Наш поселок тогда был тихой, заснеженной провинцией, в которой установка новой скамейки на набережной с помпой освещалась в местной газете. Развлечений – кот наплакал: унылый кинотеатр в котором раз в месяц крутили какой-нибудь несвежий блокбастер да клуб, где по выходным тускло мигали дискотечные шары. Не разгуляешься. И, наверное, поэтому, самое любимое время у молодёжи было с седьмого по девятнадцатое января – святки. Для меня же в этих днях была своя тёмная прелесть. Мистика манила меня с детства. К четырнадцати годам я проглотила уже всего переведённого Кинга, бредила Лавкрафтом, зачитывалась Кунцем, Баркером и Лаймоном. Я отчаянно хотела верить, что мир не так скучен. Хотела, чтобы во время гаданий зеркальный коридор ожил призрачной фигурой, а свечной огонек вспыхнул, колыхнулся и показал настоящего духа.
Но все попытки разбивались о стену нашего же легкомыслия.

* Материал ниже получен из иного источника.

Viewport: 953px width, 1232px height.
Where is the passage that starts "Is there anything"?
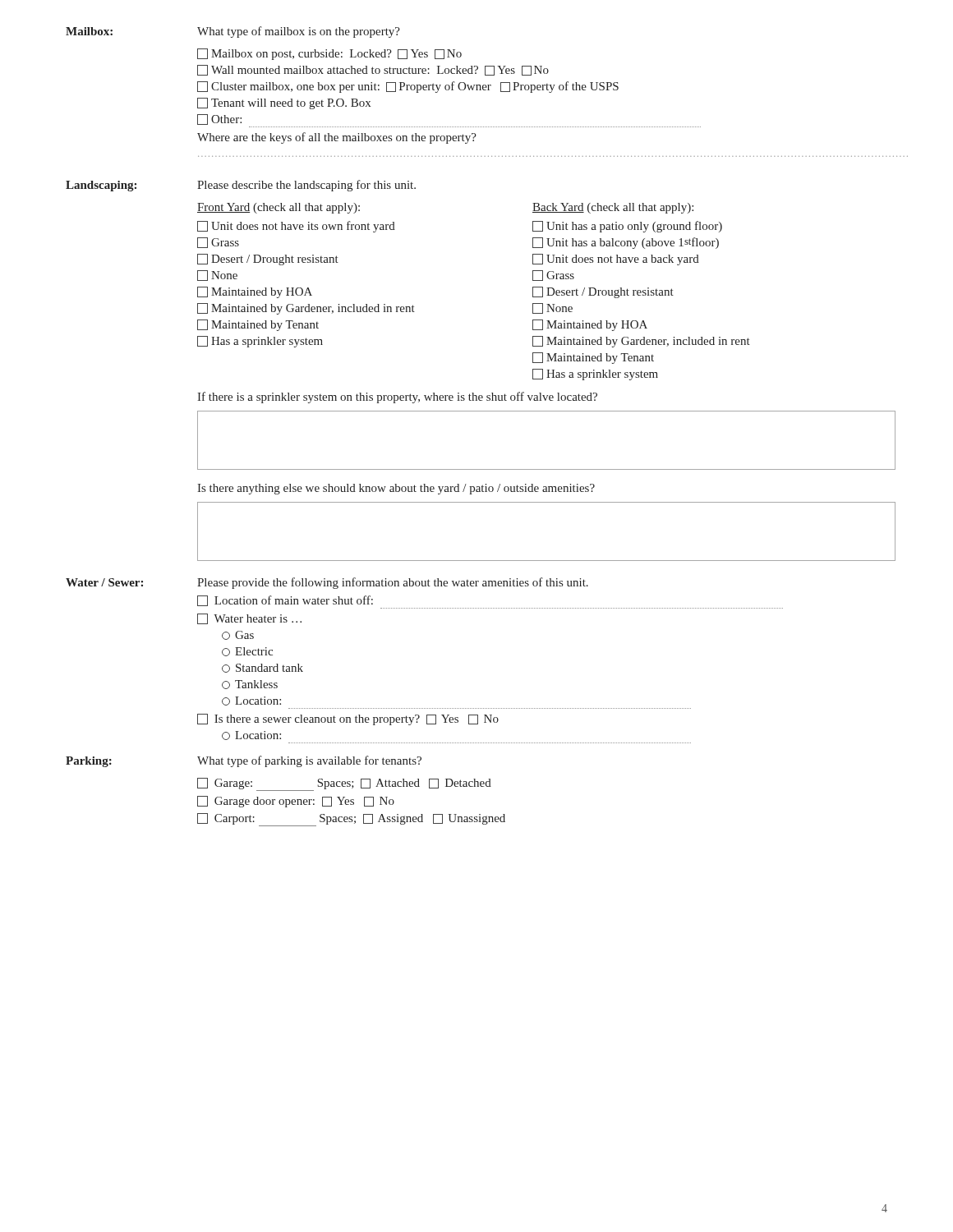[396, 488]

Мы, стайка юных девчонок, больше пересмеивались и толкались, чем по-настоящему верили в сверхъестественное. Одни хиханьки да хаханьки.
Возможно, именно это и защищало нас раньше.
Всё изменилось в так называемые «страшные вечера» – с четырнадцатого по девятнадцатое января, когда, по древним поверьям, граница между мирами истончается, и нечисть получает право гулять по земле.
Вечером пятнадцатого января моя квартира наполнилась дурацким смехом и не менее дурацкими шуточками. Пришли Аня Матвеева, с её вечной тягой к эзотерике, Наташка Самодова – осторожная и рассудительная, и бесшабашная Юлька Смоленская. Бывшие одноклассницы. Тогда я уже была студенткой-первокурсницей строительного техникума.
Начали мы с гадания на яичном белке. В стакане теплой воды белок растекался причудливыми и совершенно абстрактными пятнами. Потом взялись за зеркала. Два старых зеркала с потемневшей амальгамой создавали зыбкий, уходящий в бесконечность коридор, освещенный дрожащим пламенем свечей. Аня, прильнув к зеркалу, вдруг вскрикнула заявив, что увидела мелькнувшую тень. Мы напряглись, вглядываясь в зеркальный туннель, но кроме наших собственных ухмыляющихся физиономий – ничего. Списали на её впечатлительность.
Вскоре мы вышли на улицу. Воздух был колючим, хрустальным, а снег скрипел под ногами, будто кто-то невидимый шёл следом. Гадали по собачьему лаю: кричали в ночь: «Залай, залай, собаченька! Залай, серенький волчок!» И затаив дыхание, слушали отголоски. Лай слышался то близко, то издалека, растворяясь в морозной тишине и оставляя ощущение чужого незримого присутствия.
Было уже далеко за полночь, когда Юлька предложила «экстрим» – гадание на проруби. Настоящий древний русский кошмар – надо лунной ночью пойти к проруби, сесть на расстеленную воловью шкуру и смотреть в чёрную воду. Увидишь там образ суженого – к свадьбе, услышишь стук из-подо льда… ну, тут варианты были мрачнее, вплоть до летального исхода в краткосрочной перспективе.
Воловьей шкуры у нас, конечно, не нашлось. Заменили старым цветастым пледом. Река у нас через дорогу. Прорубь мы нашли быстро – чёрное, как будто маслянистое окно в подлёдный мрак. Я опустилась на колени на плед, чувствуя ледяной холод, проникающий сквозь ворсистую ткань. Заглянула в прорубь. Чернота притягивала. Мне на мгновение показалось, как что-то огромное медленно шевелится там, внизу, наблюдая за мной. Ктулху, не иначе. Сердце замерло в ожидании стука из-подо льда или появления лица в чёрной ледяной воде… Но обошлось. Только холодное дыхание проруби и нарастающая тревога.